POMGNT1-related limb-girdle muscular dystrophy R15

POMGNT1-related limb-girdle muscular dystrophy R15 (LGMD R15, formerly known as LGMD2O) is a rare autosomal recessive muscular dystrophy caused by biallelic pathogenic variants in the POMGNT1 gene. This gene encodes protein O-linked mannose N-acetylglucosaminyltransferase 1, an enzyme essential for the proper glycosylation of alpha-dystroglycan, a key protein that links the muscle cell cytoskeleton to the extracellular matrix. LGMD R15 belongs to the group of dystroglycanopathies — disorders caused by defective glycosylation of alpha-dystroglycan. The disease primarily affects the skeletal muscular system, with progressive weakness predominantly involving the proximal muscles of the limb girdles (shoulders and hips). Patients typically present with difficulty climbing stairs, rising from a seated position, and raising their arms. Serum creatine kinase (CK) levels are usually elevated. The severity of LGMD R15 can vary considerably; some patients have a relatively mild course with preserved ambulation into adulthood, while others may experience more significant disability. Cognitive involvement, including mild intellectual disability, and eye abnormalities (such as myopia) have been reported in some cases, reflecting the broader phenotypic spectrum of POMGNT1-related dystroglycanopathies, which can range from the severe Walker-Warburg syndrome and muscle-eye-brain disease to milder limb-girdle presentations.
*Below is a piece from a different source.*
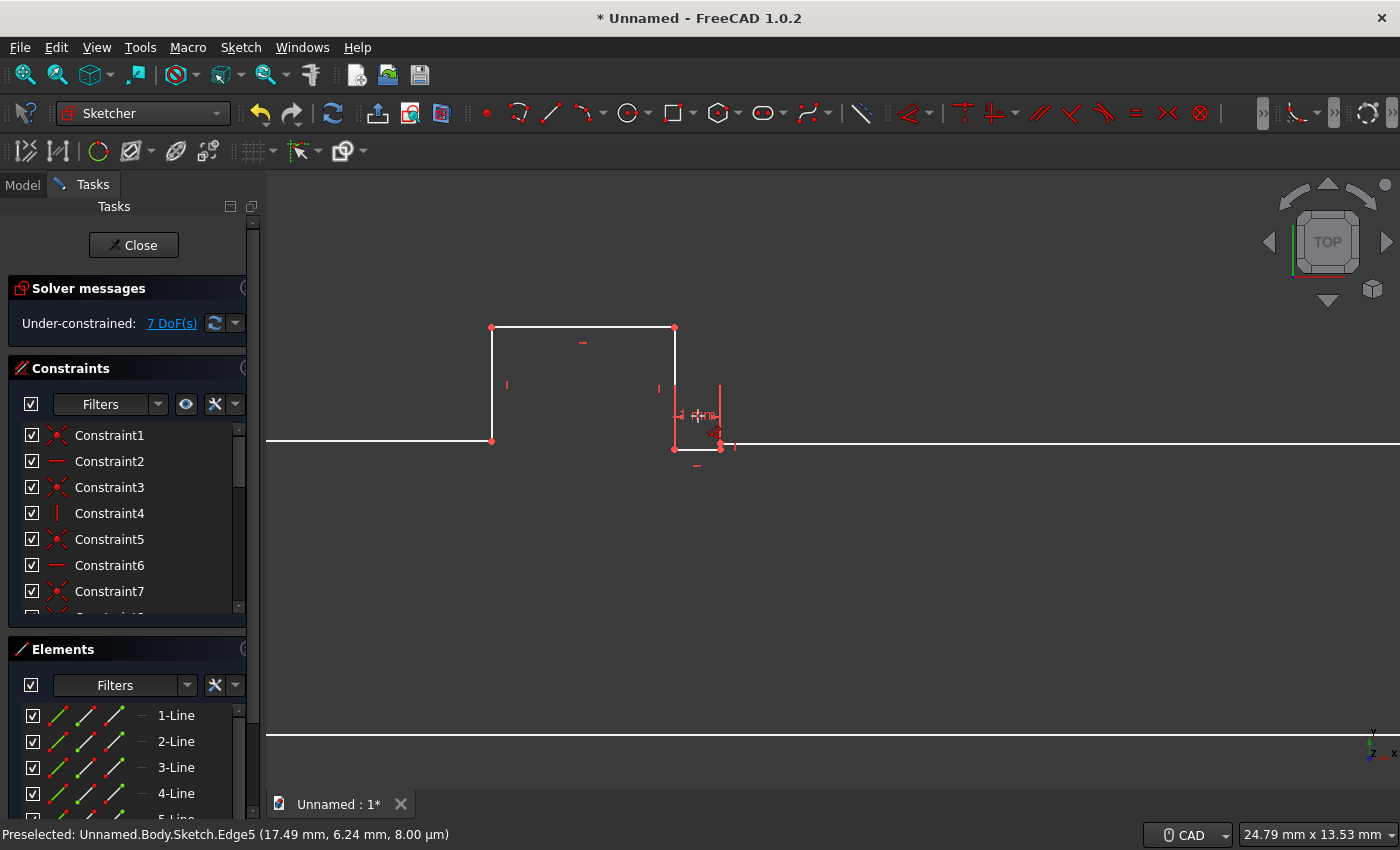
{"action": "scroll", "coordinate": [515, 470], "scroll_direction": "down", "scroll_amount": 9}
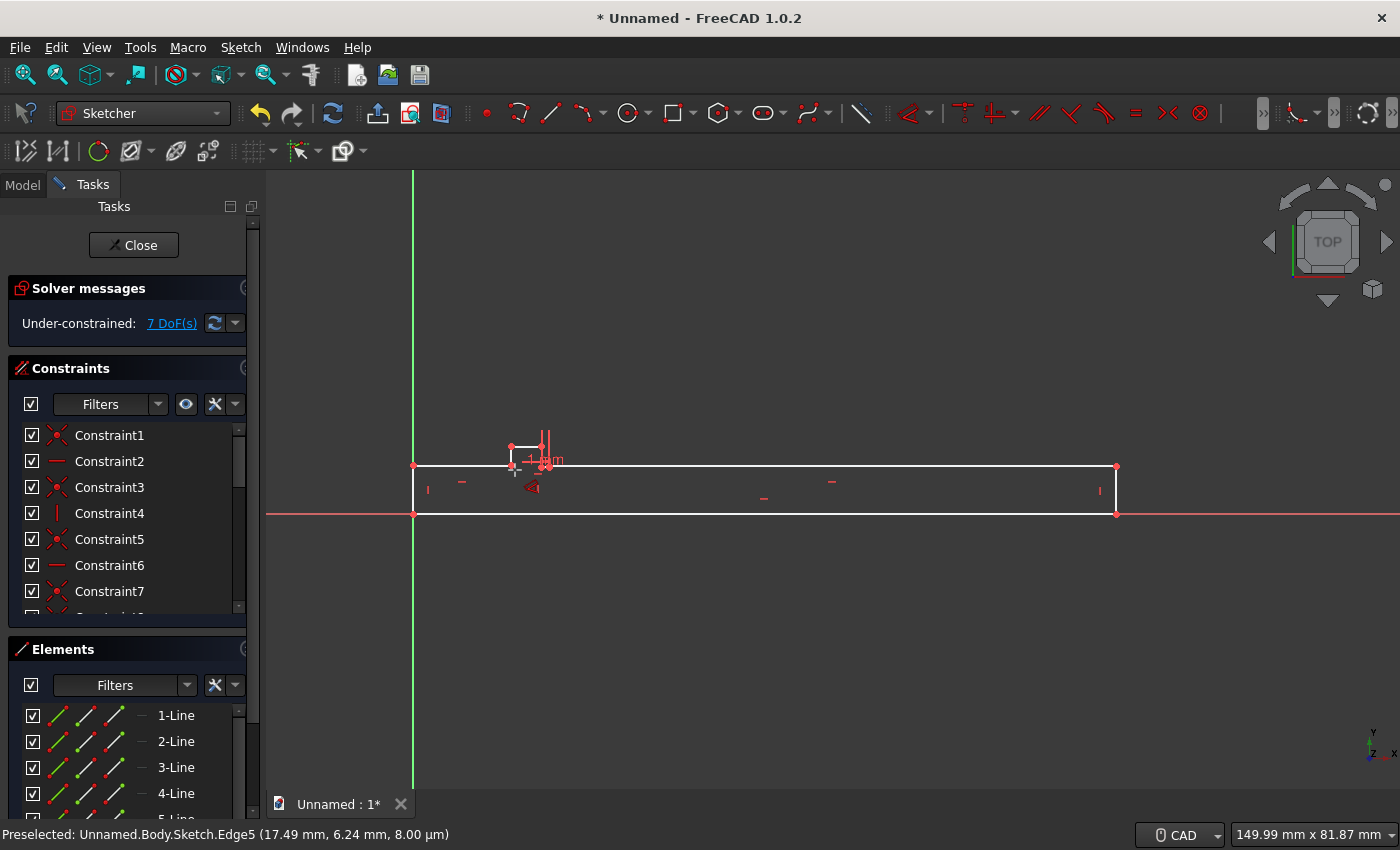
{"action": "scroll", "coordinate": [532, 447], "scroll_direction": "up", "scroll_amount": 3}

There is currently no cure or disease-specific treatment for LGMD R15. Management is supportive and multidisciplinary, including physical therapy to maintain mobility and prevent contractures, respiratory monitoring, cardiac surveillance, and orthopedic interventions as needed. Genetic counseling is recommended for affected families. Research into gene therapy and other molecular approaches for dystroglycanopathies is ongoing but remains in early stages.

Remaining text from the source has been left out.